Charlotte, une jeune Ukrainienne, est arrivée en France en 2004 pour continuer sa carrière de danseuse classique. Le mari, originaire de Géorgie, l’a suivi. Ils découvrent leur séropositivité au décours d’un test de dépistage effectué en France. Pendant six ans, le couple qui travaille et a un appartement, parvient à obtenir et à renouveler son titre de séjour. La situation change en 2010. À la suite du transfert de son dossier médical dans une autre ville, une décision différente est prise par la préfecture : le traitement existe en Ukraine, le titre de séjour n’est pas accordé.

La double menace.

Mais, raconte l’association, qui a rencontré la jeune femme par le biais du programme « Grandes sœurs », qui accompagne les parents et futurs parents séropsositifs, « aujourd’hui, Charlotte est enceinte et doit accoucher au mois d’octobre. L’heureuse nouvelle est arrivée alors que le couple tente de faire un bébé depuis 8 ans ! C’est grâce à l’assistance médicale à la procréation (AMP), ouverte aux couples concernés par une infection virale depuis dix ans. » L’association souligne que si le traitement existe bien en Ukraine, seulement 10 % des séropositifs qui ont besoin d’un traitement antirétroviral y accèdent.

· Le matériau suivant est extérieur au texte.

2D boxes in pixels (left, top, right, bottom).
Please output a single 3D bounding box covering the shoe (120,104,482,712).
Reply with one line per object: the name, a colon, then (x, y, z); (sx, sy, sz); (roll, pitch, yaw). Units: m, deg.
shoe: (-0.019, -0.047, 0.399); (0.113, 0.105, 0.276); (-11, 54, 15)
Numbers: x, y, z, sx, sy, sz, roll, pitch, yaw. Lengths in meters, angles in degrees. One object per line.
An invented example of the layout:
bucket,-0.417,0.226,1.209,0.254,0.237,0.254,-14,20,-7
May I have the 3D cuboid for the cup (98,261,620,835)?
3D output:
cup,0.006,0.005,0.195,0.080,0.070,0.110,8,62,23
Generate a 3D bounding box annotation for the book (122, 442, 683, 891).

« Grâce à l’AMP, on a fait croireà Charlotte qu’elle pourrait avoir une vie normale. Cette décision l’a fait brutalement basculer d’une situation relativement stable à une situation à risque », explique Reda Sadki, du Comité des familles. Or, souligne-t-il, « de 20 à 30 enfants naissent encore chaque année avec le virus sur les 1 500 accouchements annuels de femmes infectées par le virus, la plupart en raison d’une situation de précarité ».

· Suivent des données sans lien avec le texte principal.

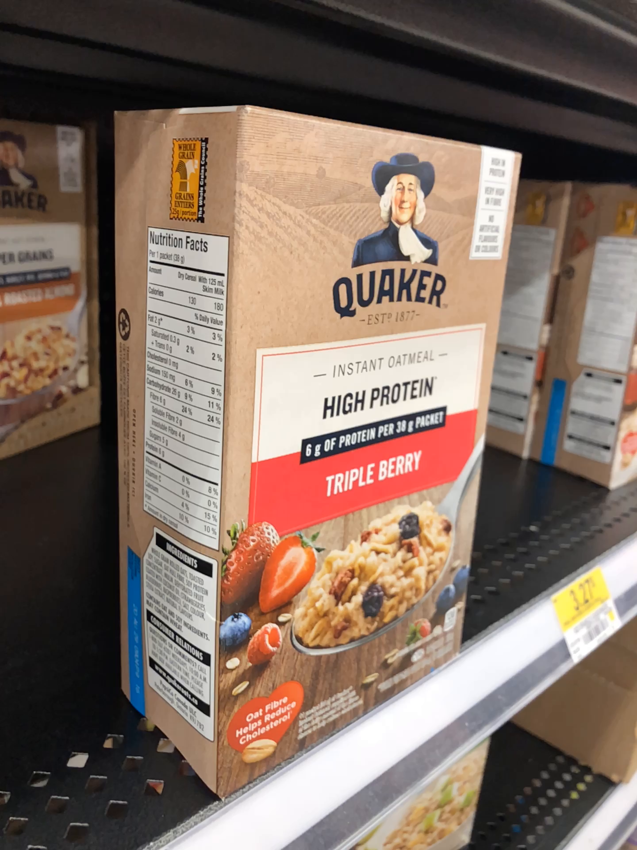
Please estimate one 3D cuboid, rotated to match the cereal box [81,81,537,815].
[{"bbox_3d":[-0.002,0.001,0.252,0.130,0.199,0.070,-12,22,-42],"label":"cereal box"}]
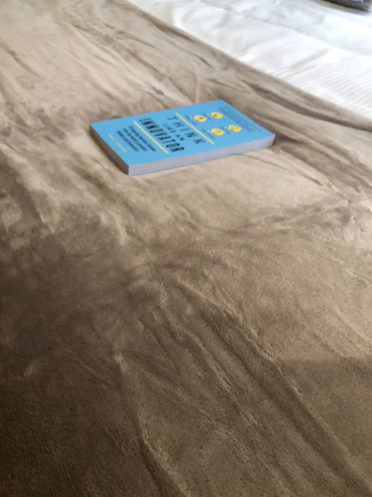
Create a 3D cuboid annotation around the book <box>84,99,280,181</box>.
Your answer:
[{"bbox_3d":[-0.006,-0.154,0.555,0.221,0.020,0.140,-18,43,-24],"label":"book"}]
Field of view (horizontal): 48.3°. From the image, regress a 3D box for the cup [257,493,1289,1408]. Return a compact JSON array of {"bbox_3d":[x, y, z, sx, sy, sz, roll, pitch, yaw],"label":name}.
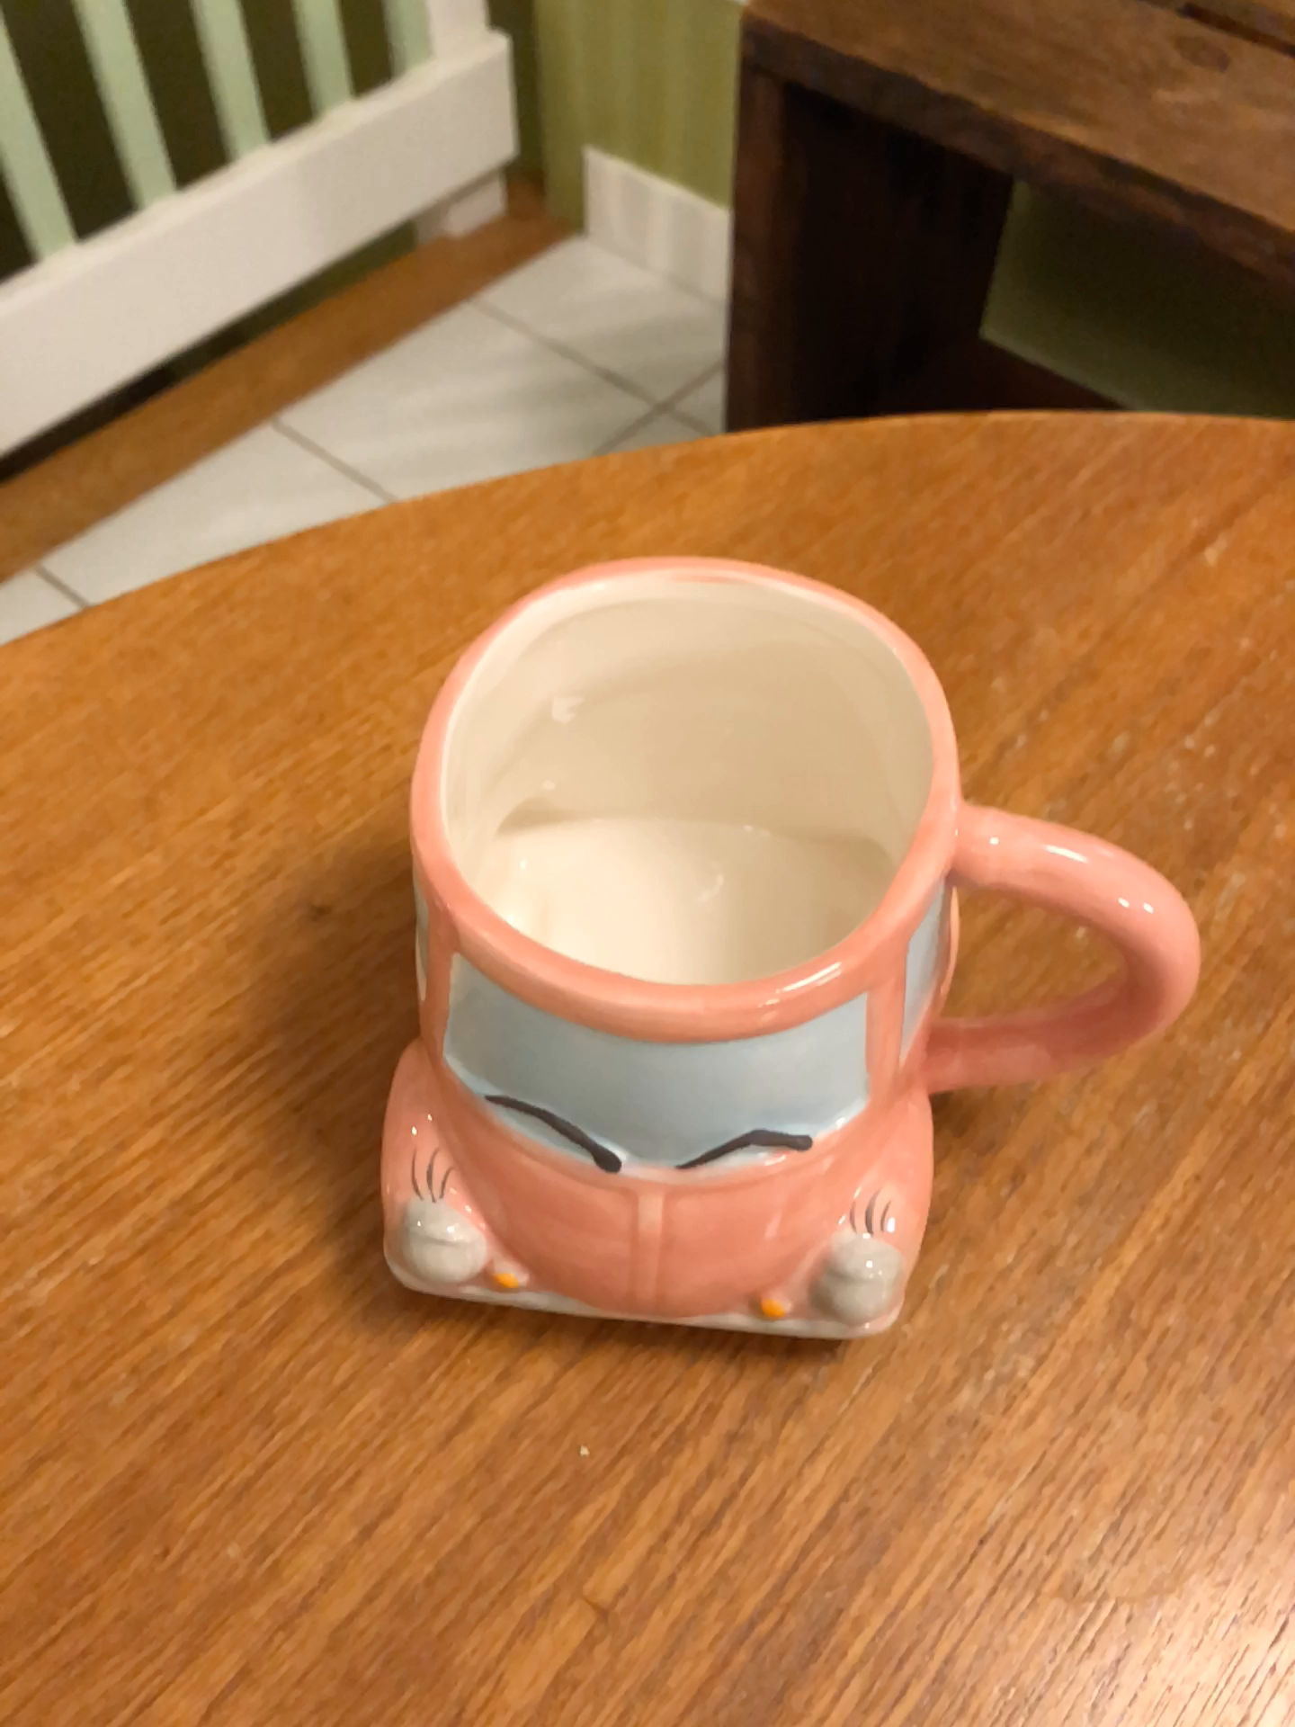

Dans la lettre à Carla Bruni, l’association assure encore : « Charlotte attendait des jumeaux, elle vient de perdre l’un d’entre eux. Le désespoir qui s’est emparé de cette jeune femme retentit sur la poursuite de la grossesse. ». À la menace d’expulsion s’ajoute celle d’une séparation. Si le mari est expulsé, il devra, lui, retourner en Géorgie.

Selon le Comité des familles, avant même le vote de la loi sur l’immigration qui a durci les conditions d’accès au titre de séjour pour les étrangers malades « certaines préfectures refusaient déjà le titre de séjour étrangers malades au mépris de la loi mais le tribunal administratif le leur accordait en cas de recours ». Là, un premier recours vient de se solder par un échec.